(Entries taken from a collection)
Start of Block
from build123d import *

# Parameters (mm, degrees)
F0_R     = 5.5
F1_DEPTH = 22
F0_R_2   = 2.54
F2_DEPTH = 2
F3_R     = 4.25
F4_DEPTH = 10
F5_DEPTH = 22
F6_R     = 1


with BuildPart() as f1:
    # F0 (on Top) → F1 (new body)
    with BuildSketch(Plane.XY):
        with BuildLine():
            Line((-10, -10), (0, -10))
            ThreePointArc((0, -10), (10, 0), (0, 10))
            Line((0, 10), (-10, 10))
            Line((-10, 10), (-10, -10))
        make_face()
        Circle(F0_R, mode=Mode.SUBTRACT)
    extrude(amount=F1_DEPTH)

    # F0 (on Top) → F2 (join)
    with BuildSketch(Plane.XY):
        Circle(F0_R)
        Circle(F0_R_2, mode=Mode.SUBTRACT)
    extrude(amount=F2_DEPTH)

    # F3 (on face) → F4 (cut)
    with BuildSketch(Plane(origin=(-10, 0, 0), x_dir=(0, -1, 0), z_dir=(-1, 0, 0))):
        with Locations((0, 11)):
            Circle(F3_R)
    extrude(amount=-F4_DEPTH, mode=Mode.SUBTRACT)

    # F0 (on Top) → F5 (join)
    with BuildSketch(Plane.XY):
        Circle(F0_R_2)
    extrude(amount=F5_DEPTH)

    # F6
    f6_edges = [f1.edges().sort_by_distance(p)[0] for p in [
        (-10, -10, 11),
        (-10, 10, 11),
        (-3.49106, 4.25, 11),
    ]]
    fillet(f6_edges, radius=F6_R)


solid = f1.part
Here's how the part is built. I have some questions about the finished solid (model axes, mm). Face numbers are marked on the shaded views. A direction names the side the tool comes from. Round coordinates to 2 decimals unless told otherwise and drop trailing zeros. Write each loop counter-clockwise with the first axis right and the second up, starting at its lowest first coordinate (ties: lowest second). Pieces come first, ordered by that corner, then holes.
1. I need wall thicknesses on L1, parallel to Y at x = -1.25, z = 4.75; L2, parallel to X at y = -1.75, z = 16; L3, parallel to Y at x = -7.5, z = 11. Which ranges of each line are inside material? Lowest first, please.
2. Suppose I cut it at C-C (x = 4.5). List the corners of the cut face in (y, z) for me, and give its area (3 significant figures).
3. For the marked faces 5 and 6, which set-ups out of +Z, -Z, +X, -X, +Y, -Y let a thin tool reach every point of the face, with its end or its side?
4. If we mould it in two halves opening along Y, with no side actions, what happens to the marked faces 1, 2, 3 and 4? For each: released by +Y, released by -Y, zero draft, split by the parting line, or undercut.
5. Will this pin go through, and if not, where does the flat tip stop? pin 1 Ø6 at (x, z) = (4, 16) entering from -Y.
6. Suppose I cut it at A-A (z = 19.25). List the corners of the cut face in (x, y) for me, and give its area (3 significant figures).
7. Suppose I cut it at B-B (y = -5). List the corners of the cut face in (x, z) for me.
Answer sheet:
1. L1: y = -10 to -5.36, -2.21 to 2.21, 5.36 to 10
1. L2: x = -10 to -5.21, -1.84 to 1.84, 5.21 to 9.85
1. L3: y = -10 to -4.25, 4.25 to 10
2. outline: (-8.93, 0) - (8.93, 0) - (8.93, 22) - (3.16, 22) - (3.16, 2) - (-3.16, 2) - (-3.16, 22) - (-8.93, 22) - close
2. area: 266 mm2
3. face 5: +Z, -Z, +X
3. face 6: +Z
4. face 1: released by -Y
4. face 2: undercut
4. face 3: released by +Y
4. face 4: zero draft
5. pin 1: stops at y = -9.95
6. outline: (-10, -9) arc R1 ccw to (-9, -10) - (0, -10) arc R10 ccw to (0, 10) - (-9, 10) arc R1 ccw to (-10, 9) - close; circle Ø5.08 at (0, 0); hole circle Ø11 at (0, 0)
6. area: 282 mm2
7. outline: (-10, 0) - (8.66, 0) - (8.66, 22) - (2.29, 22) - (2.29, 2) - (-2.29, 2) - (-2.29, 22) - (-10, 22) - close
End of Block
- [Description of the task]: Write every entry out again exactly.

- [Written answer]:
from build123d import *

# Parameters (mm, degrees)
F0_R     = 5.5
F1_DEPTH = 22
F0_R_2   = 2.54
F2_DEPTH = 2
F3_R     = 4.25
F4_DEPTH = 10
F5_DEPTH = 22
F6_R     = 1


with BuildPart() as f1:
    # F0 (on Top) → F1 (new body)
    with BuildSketch(Plane.XY):
        with BuildLine():
            Line((-10, -10), (0, -10))
            ThreePointArc((0, -10), (10, 0), (0, 10))
            Line((0, 10), (-10, 10))
            Line((-10, 10), (-10, -10))
        make_face()
        Circle(F0_R, mode=Mode.SUBTRACT)
    extrude(amount=F1_DEPTH)

    # F0 (on Top) → F2 (join)
    with BuildSketch(Plane.XY):
        Circle(F0_R)
        Circle(F0_R_2, mode=Mode.SUBTRACT)
    extrude(amount=F2_DEPTH)

    # F3 (on face) → F4 (cut)
    with BuildSketch(Plane(origin=(-10, 0, 0), x_dir=(0, -1, 0), z_dir=(-1, 0, 0))):
        with Locations((0, 11)):
            Circle(F3_R)
    extrude(amount=-F4_DEPTH, mode=Mode.SUBTRACT)

    # F0 (on Top) → F5 (join)
    with BuildSketch(Plane.XY):
        Circle(F0_R_2)
    extrude(amount=F5_DEPTH)

    # F6
    f6_edges = [f1.edges().sort_by_distance(p)[0] for p in [
        (-10, -10, 11),
        (-10, 10, 11),
        (-3.49106, 4.25, 11),
    ]]
    fillet(f6_edges, radius=F6_R)


solid = f1.part
Here's how the part is built. I have some questions about the finished solid (model axes, mm). Face numbers are marked on the shaded views. A direction names the side the tool comes from. Round coordinates to 2 decimals unless told otherwise and drop trailing zeros. Write each loop counter-clockwise with the first axis right and the second up, starting at its lowest first coordinate (ties: lowest second). Pieces come first, ordered by that corner, then holes.
1. I need wall thicknesses on L1, parallel to Y at x = -1.25, z = 4.75; L2, parallel to X at y = -1.75, z = 16; L3, parallel to Y at x = -7.5, z = 11. Which ranges of each line are inside material? Lowest first, please.
2. Suppose I cut it at C-C (x = 4.5). List the corners of the cut face in (y, z) for me, and give its area (3 significant figures).
3. For the marked faces 5 and 6, which set-ups out of +Z, -Z, +X, -X, +Y, -Y let a thin tool reach every point of the face, with its end or its side?
4. If we mould it in two halves opening along Y, with no side actions, what happens to the marked faces 1, 2, 3 and 4? For each: released by +Y, released by -Y, zero draft, split by the parting line, or undercut.
5. Will this pin go through, and if not, where does the flat tip stop? pin 1 Ø6 at (x, z) = (4, 16) entering from -Y.
6. Suppose I cut it at A-A (z = 19.25). List the corners of the cut face in (x, y) for me, and give its area (3 significant figures).
7. Suppose I cut it at B-B (y = -5). List the corners of the cut face in (x, z) for me.
Answer sheet:
1. L1: y = -10 to -5.36, -2.21 to 2.21, 5.36 to 10
1. L2: x = -10 to -5.21, -1.84 to 1.84, 5.21 to 9.85
1. L3: y = -10 to -4.25, 4.25 to 10
2. outline: (-8.93, 0) - (8.93, 0) - (8.93, 22) - (3.16, 22) - (3.16, 2) - (-3.16, 2) - (-3.16, 22) - (-8.93, 22) - close
2. area: 266 mm2
3. face 5: +Z, -Z, +X
3. face 6: +Z
4. face 1: released by -Y
4. face 2: undercut
4. face 3: released by +Y
4. face 4: zero draft
5. pin 1: stops at y = -9.95
6. outline: (-10, -9) arc R1 ccw to (-9, -10) - (0, -10) arc R10 ccw to (0, 10) - (-9, 10) arc R1 ccw to (-10, 9) - close; circle Ø5.08 at (0, 0); hole circle Ø11 at (0, 0)
6. area: 282 mm2
7. outline: (-10, 0) - (8.66, 0) - (8.66, 22) - (2.29, 22) - (2.29, 2) - (-2.29, 2) - (-2.29, 22) - (-10, 22) - close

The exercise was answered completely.